Exercise instructions
Transcribe the records below exactly, from their first line through the line containing "Task: Select the element". Omit every line after it.
◆ ◆ ◆ ◆
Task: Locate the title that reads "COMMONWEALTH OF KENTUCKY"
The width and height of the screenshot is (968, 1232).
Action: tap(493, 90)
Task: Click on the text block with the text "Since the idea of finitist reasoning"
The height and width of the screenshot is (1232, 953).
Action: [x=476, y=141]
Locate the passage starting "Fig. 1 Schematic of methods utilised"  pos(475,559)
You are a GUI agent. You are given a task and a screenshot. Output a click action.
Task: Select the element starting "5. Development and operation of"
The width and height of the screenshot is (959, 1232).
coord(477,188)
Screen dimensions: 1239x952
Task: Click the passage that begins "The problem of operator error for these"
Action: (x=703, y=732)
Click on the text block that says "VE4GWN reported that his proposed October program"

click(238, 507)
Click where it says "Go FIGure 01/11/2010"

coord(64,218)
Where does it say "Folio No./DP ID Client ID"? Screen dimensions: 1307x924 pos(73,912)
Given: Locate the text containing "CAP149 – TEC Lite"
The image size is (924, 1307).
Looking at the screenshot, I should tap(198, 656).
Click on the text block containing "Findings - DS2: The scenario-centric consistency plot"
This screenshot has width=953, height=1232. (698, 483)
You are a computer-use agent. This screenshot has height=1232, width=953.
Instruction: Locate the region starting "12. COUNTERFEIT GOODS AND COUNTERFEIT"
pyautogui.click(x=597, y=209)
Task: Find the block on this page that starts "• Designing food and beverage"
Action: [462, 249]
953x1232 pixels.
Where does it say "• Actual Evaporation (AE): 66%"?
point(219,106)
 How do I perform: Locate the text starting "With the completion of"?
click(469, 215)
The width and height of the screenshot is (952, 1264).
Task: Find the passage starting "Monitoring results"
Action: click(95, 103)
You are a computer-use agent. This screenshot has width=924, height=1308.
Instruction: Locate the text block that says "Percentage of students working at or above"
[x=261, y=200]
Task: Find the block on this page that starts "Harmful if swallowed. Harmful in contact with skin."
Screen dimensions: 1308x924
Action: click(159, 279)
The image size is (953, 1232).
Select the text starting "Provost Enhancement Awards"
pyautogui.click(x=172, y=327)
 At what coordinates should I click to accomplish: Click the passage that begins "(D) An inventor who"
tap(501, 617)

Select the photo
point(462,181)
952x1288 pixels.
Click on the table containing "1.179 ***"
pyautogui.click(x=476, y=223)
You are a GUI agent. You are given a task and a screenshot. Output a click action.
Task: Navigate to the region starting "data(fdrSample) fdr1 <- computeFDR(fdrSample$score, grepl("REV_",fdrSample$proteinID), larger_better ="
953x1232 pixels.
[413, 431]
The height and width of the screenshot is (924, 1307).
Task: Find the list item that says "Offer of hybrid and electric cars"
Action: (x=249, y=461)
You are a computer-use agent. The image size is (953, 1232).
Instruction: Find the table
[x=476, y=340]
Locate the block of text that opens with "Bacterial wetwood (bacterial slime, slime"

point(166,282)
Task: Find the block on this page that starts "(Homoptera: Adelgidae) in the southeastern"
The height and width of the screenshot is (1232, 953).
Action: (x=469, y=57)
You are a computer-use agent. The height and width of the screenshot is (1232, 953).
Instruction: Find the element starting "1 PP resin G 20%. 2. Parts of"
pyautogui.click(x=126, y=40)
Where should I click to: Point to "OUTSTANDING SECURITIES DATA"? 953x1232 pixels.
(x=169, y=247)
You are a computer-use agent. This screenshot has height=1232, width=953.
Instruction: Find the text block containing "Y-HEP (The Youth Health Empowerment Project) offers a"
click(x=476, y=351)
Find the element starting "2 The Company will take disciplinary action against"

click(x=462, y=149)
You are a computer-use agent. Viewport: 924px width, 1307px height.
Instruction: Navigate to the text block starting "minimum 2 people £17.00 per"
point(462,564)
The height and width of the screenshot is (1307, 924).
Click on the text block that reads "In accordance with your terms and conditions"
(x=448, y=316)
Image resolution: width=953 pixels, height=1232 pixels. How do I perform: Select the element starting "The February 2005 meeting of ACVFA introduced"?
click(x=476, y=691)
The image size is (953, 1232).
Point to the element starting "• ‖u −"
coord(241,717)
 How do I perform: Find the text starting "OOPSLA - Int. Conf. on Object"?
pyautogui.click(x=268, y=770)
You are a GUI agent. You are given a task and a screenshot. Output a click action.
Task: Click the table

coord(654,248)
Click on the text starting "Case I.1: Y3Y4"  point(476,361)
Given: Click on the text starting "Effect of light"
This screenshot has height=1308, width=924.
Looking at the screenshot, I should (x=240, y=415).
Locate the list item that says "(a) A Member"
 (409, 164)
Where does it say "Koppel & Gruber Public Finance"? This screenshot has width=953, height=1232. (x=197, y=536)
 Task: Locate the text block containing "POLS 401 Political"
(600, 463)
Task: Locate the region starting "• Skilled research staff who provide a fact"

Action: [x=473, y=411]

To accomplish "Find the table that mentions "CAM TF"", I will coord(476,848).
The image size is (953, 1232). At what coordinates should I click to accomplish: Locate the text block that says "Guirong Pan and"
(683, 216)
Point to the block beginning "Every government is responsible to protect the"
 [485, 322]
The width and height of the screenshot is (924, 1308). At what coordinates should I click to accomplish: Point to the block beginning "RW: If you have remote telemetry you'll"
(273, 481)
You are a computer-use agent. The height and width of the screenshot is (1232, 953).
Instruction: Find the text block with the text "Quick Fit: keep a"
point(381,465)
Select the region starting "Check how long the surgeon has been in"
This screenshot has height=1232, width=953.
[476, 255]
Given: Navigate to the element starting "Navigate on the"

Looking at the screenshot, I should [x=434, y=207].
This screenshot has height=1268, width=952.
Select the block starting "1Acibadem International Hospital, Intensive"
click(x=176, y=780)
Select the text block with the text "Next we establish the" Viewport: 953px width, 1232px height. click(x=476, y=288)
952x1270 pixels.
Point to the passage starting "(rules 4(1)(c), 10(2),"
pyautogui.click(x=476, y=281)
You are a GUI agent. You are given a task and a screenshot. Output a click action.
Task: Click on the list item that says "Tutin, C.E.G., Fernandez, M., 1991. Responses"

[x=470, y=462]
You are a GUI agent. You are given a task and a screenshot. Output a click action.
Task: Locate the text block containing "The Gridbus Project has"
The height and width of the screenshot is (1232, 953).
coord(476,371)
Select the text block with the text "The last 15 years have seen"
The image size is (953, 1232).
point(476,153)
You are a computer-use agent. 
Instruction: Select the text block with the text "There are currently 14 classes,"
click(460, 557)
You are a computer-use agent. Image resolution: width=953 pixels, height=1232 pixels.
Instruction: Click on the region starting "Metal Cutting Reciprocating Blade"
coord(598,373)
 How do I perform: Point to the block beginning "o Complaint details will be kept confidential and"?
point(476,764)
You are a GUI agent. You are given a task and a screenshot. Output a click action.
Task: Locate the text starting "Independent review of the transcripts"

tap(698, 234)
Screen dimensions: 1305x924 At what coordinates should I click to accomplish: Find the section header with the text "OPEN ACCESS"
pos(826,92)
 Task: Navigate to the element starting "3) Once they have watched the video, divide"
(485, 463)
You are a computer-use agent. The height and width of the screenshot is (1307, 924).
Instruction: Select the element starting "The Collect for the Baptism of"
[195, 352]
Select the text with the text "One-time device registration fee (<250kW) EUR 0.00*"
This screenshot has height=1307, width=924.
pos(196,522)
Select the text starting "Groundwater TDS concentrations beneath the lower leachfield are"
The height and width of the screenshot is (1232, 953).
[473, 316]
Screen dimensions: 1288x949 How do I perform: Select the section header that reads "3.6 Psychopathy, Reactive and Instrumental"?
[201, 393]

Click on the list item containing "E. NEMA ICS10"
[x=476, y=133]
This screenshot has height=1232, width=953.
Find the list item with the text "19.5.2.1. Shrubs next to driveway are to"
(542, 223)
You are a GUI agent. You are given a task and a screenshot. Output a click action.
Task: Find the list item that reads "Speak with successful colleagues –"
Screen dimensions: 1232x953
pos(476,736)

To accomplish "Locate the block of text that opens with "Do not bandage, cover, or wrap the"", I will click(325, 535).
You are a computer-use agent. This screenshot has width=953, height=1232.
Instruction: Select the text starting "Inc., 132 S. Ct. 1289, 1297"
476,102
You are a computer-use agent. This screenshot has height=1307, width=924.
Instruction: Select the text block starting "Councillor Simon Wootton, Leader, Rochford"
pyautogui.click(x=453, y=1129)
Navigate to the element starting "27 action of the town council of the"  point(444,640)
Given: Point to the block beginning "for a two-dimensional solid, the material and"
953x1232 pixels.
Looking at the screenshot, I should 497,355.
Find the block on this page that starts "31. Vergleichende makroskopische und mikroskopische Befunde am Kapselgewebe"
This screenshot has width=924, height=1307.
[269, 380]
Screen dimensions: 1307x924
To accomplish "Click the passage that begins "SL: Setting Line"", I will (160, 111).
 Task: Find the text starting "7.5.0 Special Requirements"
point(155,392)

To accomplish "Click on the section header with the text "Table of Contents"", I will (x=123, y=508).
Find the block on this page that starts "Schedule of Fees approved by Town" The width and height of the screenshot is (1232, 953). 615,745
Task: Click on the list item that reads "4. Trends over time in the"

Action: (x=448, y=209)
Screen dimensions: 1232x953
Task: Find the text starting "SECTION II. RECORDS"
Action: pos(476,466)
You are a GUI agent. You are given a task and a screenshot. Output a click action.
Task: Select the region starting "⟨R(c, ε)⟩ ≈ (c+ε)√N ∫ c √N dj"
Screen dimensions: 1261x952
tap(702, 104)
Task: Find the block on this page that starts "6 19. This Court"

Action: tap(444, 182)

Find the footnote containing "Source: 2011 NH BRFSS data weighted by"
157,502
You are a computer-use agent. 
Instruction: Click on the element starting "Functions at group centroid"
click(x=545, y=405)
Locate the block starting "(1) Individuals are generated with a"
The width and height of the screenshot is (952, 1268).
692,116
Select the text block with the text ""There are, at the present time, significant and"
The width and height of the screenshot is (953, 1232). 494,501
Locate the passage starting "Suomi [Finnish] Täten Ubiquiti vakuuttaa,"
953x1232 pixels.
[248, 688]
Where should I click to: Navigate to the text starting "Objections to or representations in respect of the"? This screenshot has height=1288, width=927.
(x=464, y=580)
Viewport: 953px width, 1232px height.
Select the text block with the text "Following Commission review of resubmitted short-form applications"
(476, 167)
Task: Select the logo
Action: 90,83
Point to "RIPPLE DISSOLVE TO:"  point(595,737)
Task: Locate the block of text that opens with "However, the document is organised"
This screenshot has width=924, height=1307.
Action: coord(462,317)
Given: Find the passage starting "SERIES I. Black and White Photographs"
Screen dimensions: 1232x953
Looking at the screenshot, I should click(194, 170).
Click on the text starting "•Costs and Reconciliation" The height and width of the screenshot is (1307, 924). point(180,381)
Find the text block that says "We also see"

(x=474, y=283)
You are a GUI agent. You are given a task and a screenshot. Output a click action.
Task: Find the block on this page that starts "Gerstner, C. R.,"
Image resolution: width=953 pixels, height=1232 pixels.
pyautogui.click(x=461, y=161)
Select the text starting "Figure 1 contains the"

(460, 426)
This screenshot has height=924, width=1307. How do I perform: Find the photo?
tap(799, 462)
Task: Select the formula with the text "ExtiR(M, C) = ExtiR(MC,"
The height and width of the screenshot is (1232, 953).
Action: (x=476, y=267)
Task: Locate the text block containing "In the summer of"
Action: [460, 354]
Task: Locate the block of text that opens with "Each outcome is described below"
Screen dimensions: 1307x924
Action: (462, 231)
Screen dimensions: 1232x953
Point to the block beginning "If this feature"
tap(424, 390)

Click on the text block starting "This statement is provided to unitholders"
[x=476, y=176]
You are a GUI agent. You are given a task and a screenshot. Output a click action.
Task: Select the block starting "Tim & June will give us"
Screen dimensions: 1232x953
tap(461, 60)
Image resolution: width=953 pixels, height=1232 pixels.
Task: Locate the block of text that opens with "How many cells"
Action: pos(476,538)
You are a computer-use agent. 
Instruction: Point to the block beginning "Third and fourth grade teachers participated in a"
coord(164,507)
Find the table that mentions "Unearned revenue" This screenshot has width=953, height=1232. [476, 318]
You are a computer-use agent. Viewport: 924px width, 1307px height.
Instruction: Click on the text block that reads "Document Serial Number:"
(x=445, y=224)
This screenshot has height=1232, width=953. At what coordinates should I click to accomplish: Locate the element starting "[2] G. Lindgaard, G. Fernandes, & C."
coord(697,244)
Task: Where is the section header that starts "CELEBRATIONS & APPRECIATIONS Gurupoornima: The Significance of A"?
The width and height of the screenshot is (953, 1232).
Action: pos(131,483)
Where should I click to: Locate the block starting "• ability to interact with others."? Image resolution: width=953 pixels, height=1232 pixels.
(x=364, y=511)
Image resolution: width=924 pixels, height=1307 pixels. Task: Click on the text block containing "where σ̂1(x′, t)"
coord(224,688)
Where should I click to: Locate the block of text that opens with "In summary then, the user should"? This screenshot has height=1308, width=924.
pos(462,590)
◆ ◆ ◆ ◆
Task output
Task: Locate the title that reads "COMMONWEALTH OF KENTUCKY"
The width and height of the screenshot is (968, 1232).
Action: tap(493, 90)
Task: Click on the text block with the text "Since the idea of finitist reasoning"
The height and width of the screenshot is (1232, 953).
Action: [x=476, y=141]
Locate the passage starting "Fig. 1 Schematic of methods utilised"  pos(475,559)
You are a GUI agent. You are given a task and a screenshot. Output a click action.
Task: Select the element starting "5. Development and operation of"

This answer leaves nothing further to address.